I wonder how warm it needs to be for natural sunshine to be effective. Will be around 16c today, wonder if that's not warm enough

CtrlAltDelete

siblers wrote: »

I wonder how warm it needs to be for natural sunshine to be effective. Will be around 16c today, wonder if that's not warm enough

Heat isn't anything to do with it really. It's just UV exposure. Obviously more of it on a clear sunny day with the added benefit of it being warm while you've got a lot of yourself exposed to the elements.

rubadub

CtrlAltDelete wrote: »

Heat isn't anything to do with it really. It's just UV exposure.

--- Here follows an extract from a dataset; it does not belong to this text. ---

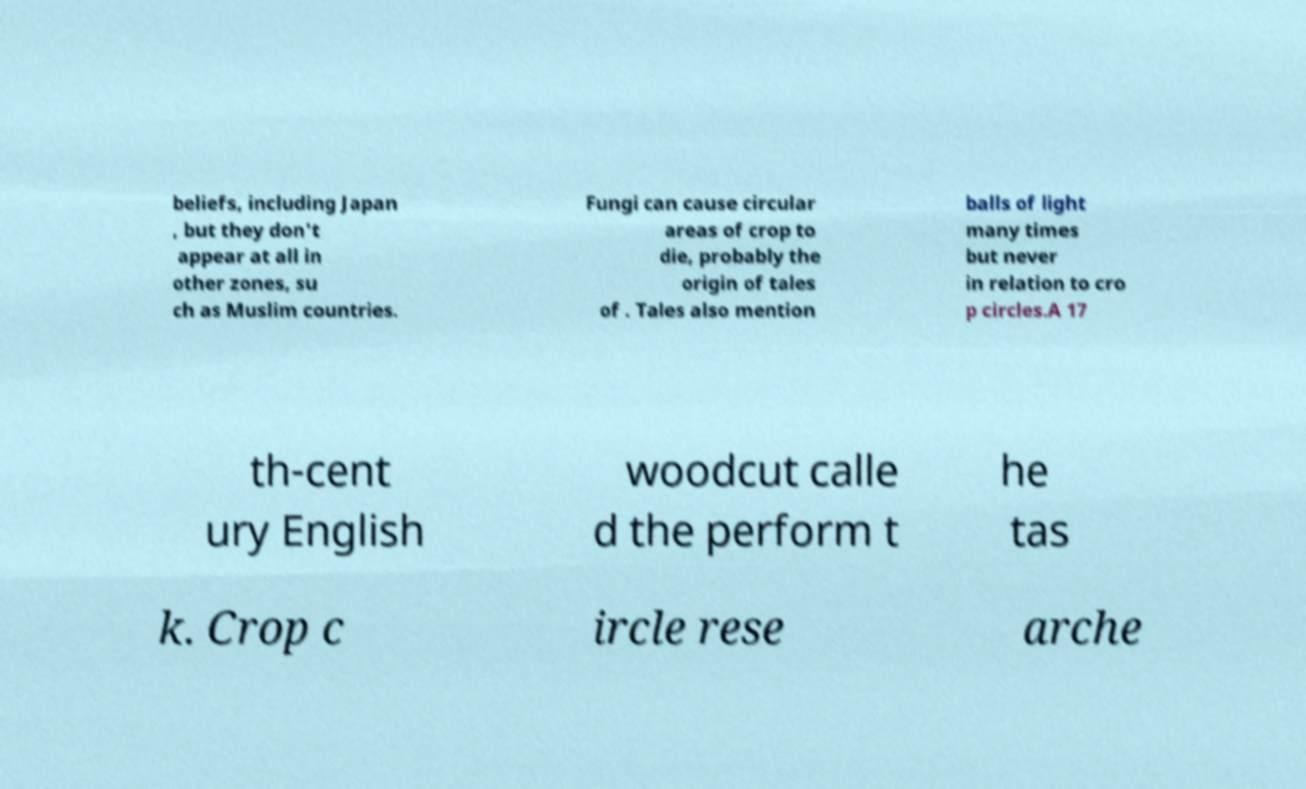What messages or text are displayed in this image? I need them in a readable, typed format. beliefs, including Japan , but they don't appear at all in other zones, su ch as Muslim countries. Fungi can cause circular areas of crop to die, probably the origin of tales of . Tales also mention balls of light many times but never in relation to cro p circles.A 17 th-cent ury English woodcut calle d the perform t he tas k. Crop c ircle rese arche

+1, I've been out the last couple of days can feel it. esp. now that I am shaving my head totally. I go out at 12-1pm if possible when its strongest. Its warm enough now that I could go out with my laptop and work outdoors.

Gael23

Heat means nothing, it’s UV light that helps

rubadub

Got a nice level of redness out in the sun today & yesterday. Had to put sunscreen on top of my head as it would have been fried today.

rizzee

Hope everyone's soaking up that sun!!

rubadub

Found an Irish online chemist with dovonex for 24.50, its usually 25,

They sell a max of 2 and you get free delivery if its over 30euro. So not huge savings but saves you travelling outside.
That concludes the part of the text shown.